La mixité sociale au sein des quartiers prioritaires : un défi participatif
Résidence Graville-la Vallée au Havre – future démolition dans le cadre du NPNRU © Clément Lefèvre

La mixité sociale au sein des quartiers prioritaires : un défi participatif

Article co-rédigé par Clément Lefèvre et Anouk Vandaele, consultants spécialisés en stratégie et ingénierie de la concertation et politique de la ville pour Rouge Vif territoires

Les 5 et 6 juillet derniers, l’Agence nationale de la Rénovation urbaine (ANRU) organisait à Paris ses Journées nationales (Jéru), grand rendez-vous des acteurs du renouvellement urbain. Cet événement était l’occasion d’échanger et communiquer sur la mise en œuvre du Nouveau Programme National de Renouvellement Urbain (NPNRU) lancé en 2014, mais aussi d’annoncer le doublement de son budget, promesse de campagne d’Emmanuel Macron. Reste qu’en cette rentrée 2017, les crédits de la politique de la ville, qui permettent de financer l’action sociale, éducative, d’insertion ou culturelle dans les quartiers, ont été amputés de 11% et que la baisse prévue des APL pourrait réduire les capacités d'intervention des bailleurs sociaux.

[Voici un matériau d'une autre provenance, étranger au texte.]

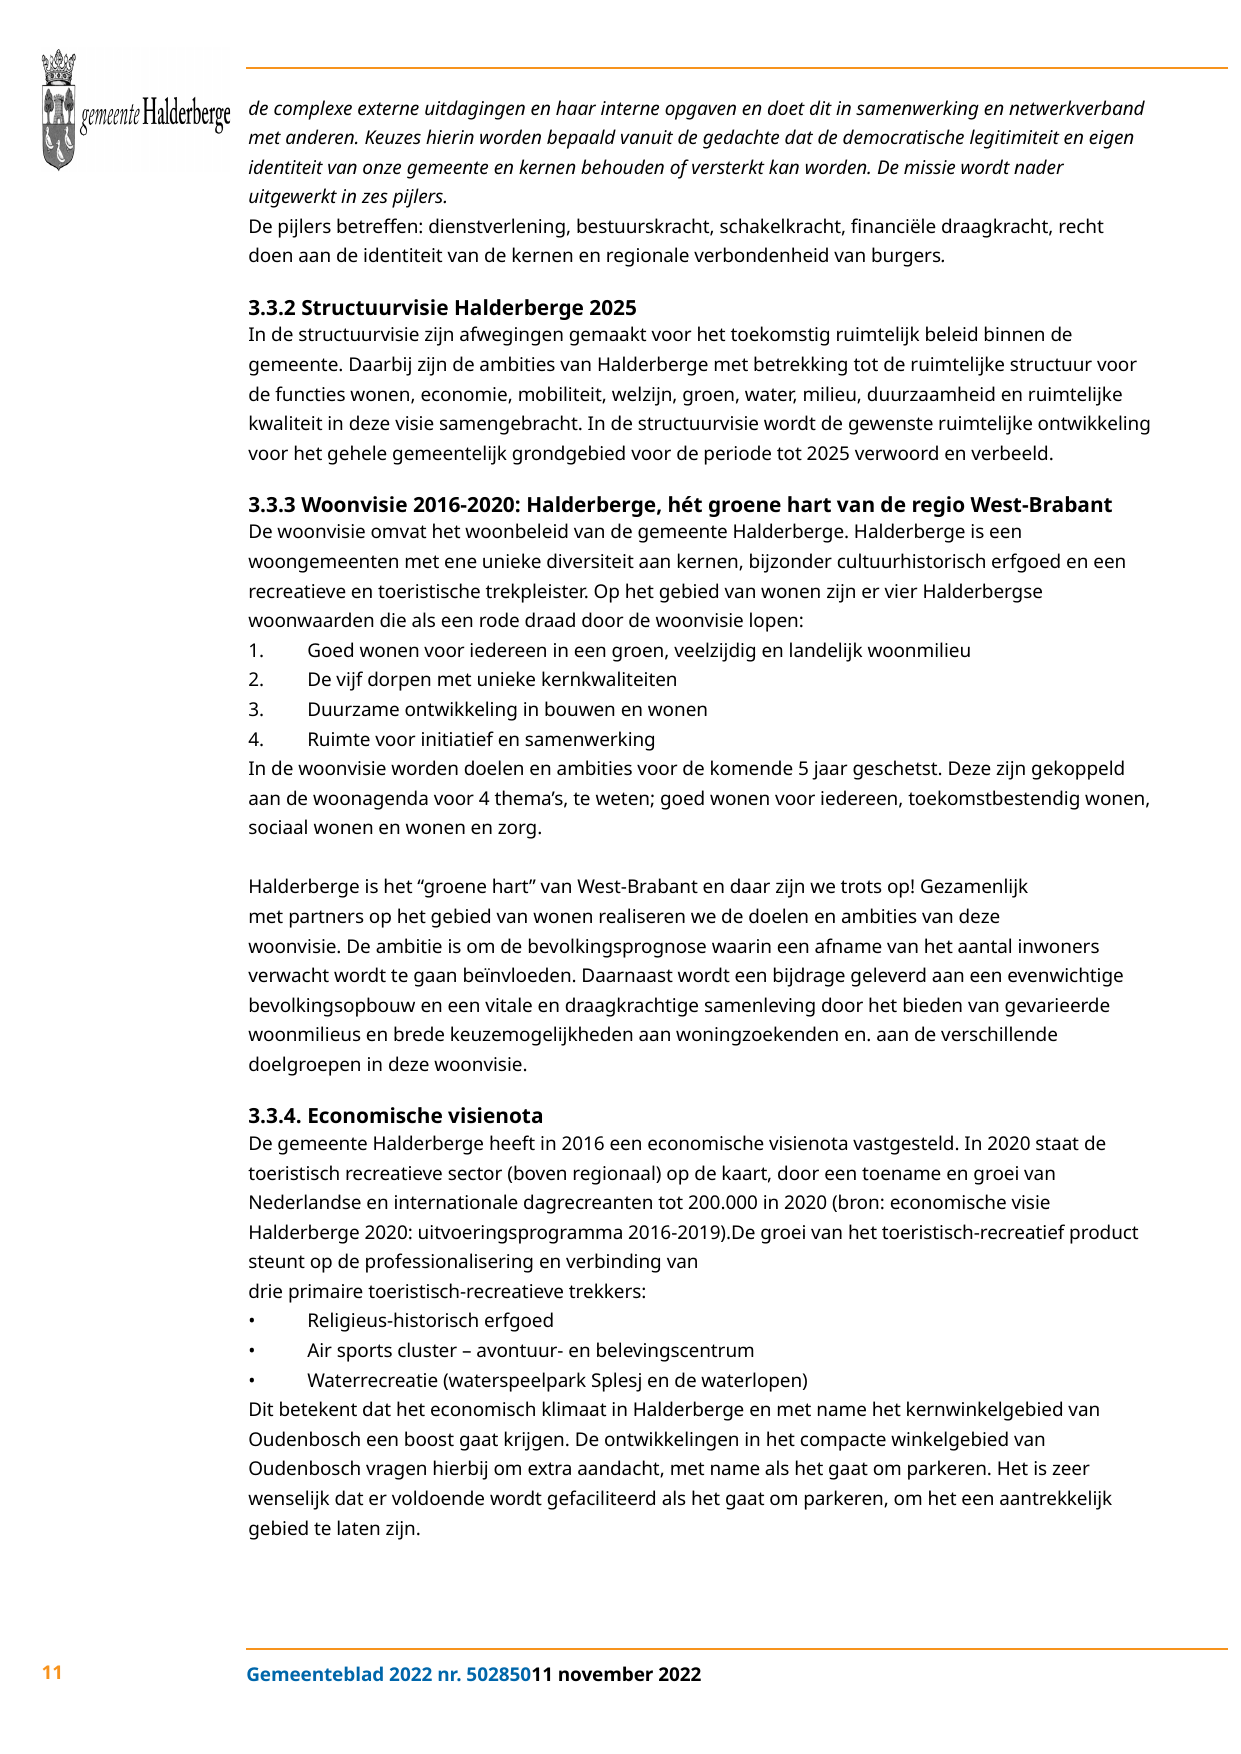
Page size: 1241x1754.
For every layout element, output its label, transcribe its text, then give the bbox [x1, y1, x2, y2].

text woonvisie. De ambitie is om de bevolkingsprognose waarin een afname van het aantal inwoners verwacht wordt te gaan beïnvloeden. Daarnaast wordt een bijdrage geleverd aan een evenwichtige bevolkingsopbouw en een vitale en draagkrachtige samenleving door het bieden van gevarieerde woonmilieus en brede keuzemogelijkheden aan woningzoekenden en. aan de verschillende doelgroepen in deze woonvisie. [248, 933, 1152, 1077]
picture [41, 47, 231, 172]
text met partners op het gebied van wonen realiseren we de doelen en ambities van deze [248, 903, 1152, 929]
text 3.3.4. Economische visienota [248, 1102, 1152, 1130]
list Goed wonen voor iedereen in een groen, veelzijdig en landelijk woonmilieu [248, 637, 1152, 663]
text De pijlers betreffen: dienstverlening, bestuurskracht, schakelkracht, financiële draagkracht, recht doen aan de identiteit van de kernen en regionale verbondenheid van burgers. [248, 213, 1152, 268]
list Waterrecreatie (waterspeelpark Splesj en de waterlopen) [248, 1367, 1152, 1392]
list Religieus-historisch erfgoed [248, 1308, 1152, 1333]
text In de structuurvisie zijn afwegingen gemaakt voor het toekomstig ruimtelijk beleid binnen de gemeente. Daarbij zijn de ambities van Halderberge met betrekking tot de ruimtelijke structuur voor de functies wonen, economie, mobiliteit, welzijn, groen, water, milieu, duurzaamheid en ruimtelijke kwaliteit in deze visie samengebracht. In de structuurvisie wordt de gewenste ruimtelijke ontwikkeling voor het gehele gemeentelijk grondgebied voor de periode tot 2025 verwoord en verbeeld. [248, 322, 1152, 466]
text de complexe externe uitdagingen en haar interne opgaven en doet dit in samenwerking en netwerkverband met anderen. Keuzes hierin worden bepaald vanuit de gedachte dat de democratische legitimiteit en eigen identiteit van onze gemeente en kernen behouden of versterkt kan worden. De missie wordt nader uitgewerkt in zes pijlers. [248, 95, 1152, 209]
list Duurzame ontwikkeling in bouwen en wonen [248, 696, 1152, 722]
text 3.3.3 Woonvisie 2016-2020: Halderberge, hét groene hart van de regio West-Brabant [248, 490, 1152, 519]
list De vijf dorpen met unieke kernkwaliteiten [248, 667, 1152, 692]
text 3.3.2 Structuurvisie Halderberge 2025 [248, 293, 1152, 322]
list Ruimte voor initiatief en samenwerking [248, 726, 1152, 752]
text De woonvisie omvat het woonbeleid van de gemeente Halderberge. Halderberge is een woongemeenten met ene unieke diversiteit aan kernen, bijzonder cultuurhistorisch erfgoed en een recreatieve en toeristische trekpleister. Op het gebied van wonen zijn er vier Halderbergse woonwaarden die als een rode draad door de woonvisie lopen: [248, 519, 1152, 633]
text De gemeente Halderberge heeft in 2016 een economische visienota vastgesteld. In 2020 staat de toeristisch recreatieve sector (boven regionaal) op de kaart, door een toename en groei van Nederlandse en internationale dagrecreanten tot 200.000 in 2020 (bron: economische visie Halderberge 2020: uitvoeringsprogramma 2016-2019).De groei van het toeristisch-recreatief product steunt op de professionalisering en verbinding van [248, 1130, 1152, 1274]
text Dit betekent dat het economisch klimaat in Halderberge en met name het kernwinkelgebied van Oudenbosch een boost gaat krijgen. De ontwikkelingen in het compacte winkelgebied van Oudenbosch vragen hierbij om extra aandacht, met name als het gaat om parkeren. Het is zeer wenselijk dat er voldoende wordt gefaciliteerd als het gaat om parkeren, om het een aantrekkelijk gebied te laten zijn. [248, 1396, 1152, 1540]
text Halderberge is het “groene hart” van West-Brabant en daar zijn we trots op! Gezamenlijk [248, 874, 1152, 899]
text In de woonvisie worden doelen en ambities voor de komende 5 jaar geschetst. Deze zijn gekoppeld aan de woonagenda voor 4 thema’s, te weten; goed wonen voor iedereen, toekomstbestendig wonen, sociaal wonen en wonen en zorg. [248, 755, 1152, 840]
text drie primaire toeristisch-recreatieve trekkers: [248, 1278, 1152, 1304]
list Air sports cluster – avontuur- en belevingscentrum [248, 1337, 1152, 1363]

A travers le NPNRU, l’Agence fait évoluer son approche du réaménagement des quartiers prioritaires. L’intervention du NPNRU se veut, aujourd’hui, mieux intégrée dans l’environnement territorial, davantage articulée avec les questions sociales, économiques et écologiques et enrichie par la concertation.

Parmi les objectifs de l’ANRU depuis ses origines, on trouve la volonté de réintroduire la mixité sociale au sein de ces quartiers dans l’objectif d’une évolution positive. Cela se traduit, dans le NPNRU, par l’interdiction de reconstruire du logement social au cœur du périmètre du quartier politique de la ville (QPV) où ont lieu les démolitions. La fondation Abbé Pierre a dénoncé (rapport 2016) une situation qui, au nom de la mixité sociale, oblige au déracinement d’habitants de leur quartier pour laisser la place à de nouveaux résidents, extérieurs au quartier et plus aisés.

« J’aime mon quartier »

C’est au contact des habitants et dans une concertation intense avec eux et les acteurs locaux, que nous comprenons que peu d’entre eux souhaitent quitter leur quartier. Ils lui expriment même traditionnellement un profond attachement, une fierté d’appartenance, qui semble, à première vue, aller à l’encontre de l’image véhiculée sur les quartiers. Bien que conscients des difficultés de leur quartier, il représente pour eux une « ressource », liée aux réseaux de sociabilité et de solidarité qu’ils y ont créés. Ce constat ne contredit pas le besoin du projet de renouvellement, vécu comme une grande opportunité. Pourtant, l’opportunité la plus grande pour ces quartiers ne réside sans doute pas dans son évolution physique, mais plutôt dans la découverte, pour leurs habitants, de leur responsabilité et d’une véritable capacité d’action. Cette responsabilité, naît de l’appropriation du projet d’aménagement et de leur investissement par leur participation. Elle est le levier d’une dynamique de vie sociale, mais également la clé pour les aider à exprimer ouvertement, demain, leur fierté d’avoir posé leur propre pierre à l’édifice de ce nouveau quartier – le leur. On pourrait parler ici, d’une fierté de responsabilité, pour faire écho à leur fierté d’appartenance.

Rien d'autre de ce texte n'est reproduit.